その間にも、かつての昭和から平成の全盛期をよそに磯関連は市場が激減し、釣り業界も多くが倒産に追い込まれました。メーカー名を上げると懐かしいブランドや思い出がいっぱいです。しかも、国産自社生産メーカーばかりでした。既に淘汰と大陸への生産移動が加速し始めていた頃かと思います。そしてその大陸も転換点を迎えています。時代は、刻々と流れて行くようです。そして今日の常識は明日の非常識なんてこともあり得る時代です。
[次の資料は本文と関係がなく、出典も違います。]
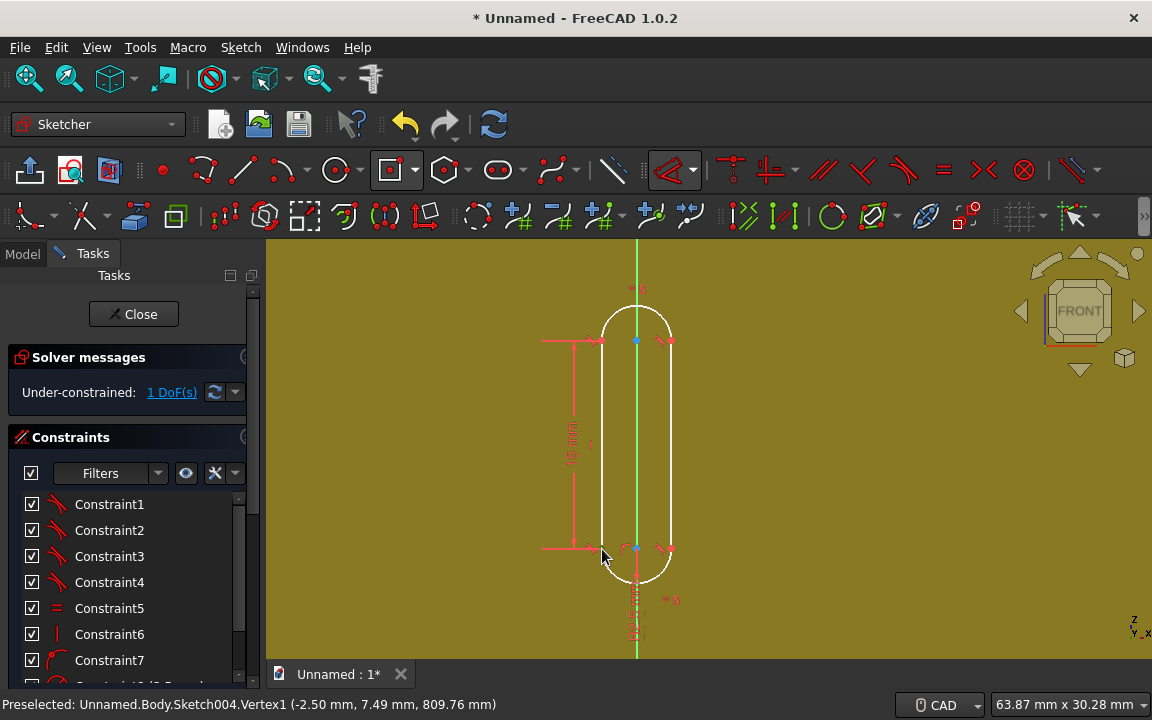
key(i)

STARGAZER14-3 ― 2024年07月16日 16:32
旧OLYMPIC
激動の昭和時代に君臨したビックネーム
昭和のビックネームとしては、オリムピック社が挙がると思います。昭和生まれの釣人ですと一度はその名前を聞いたことがあるでしょう。昭和60年代辺りまで釣具店のほぼ大半が扱っていたと思います。この時代はまだまだ小売りと呼ばれ釣具店がメインの頃でした。またこれらの小売店が何処も流行っていた時代です。私も小売店を梯子するのが大変好きでした。それで一日が終わった日もありました。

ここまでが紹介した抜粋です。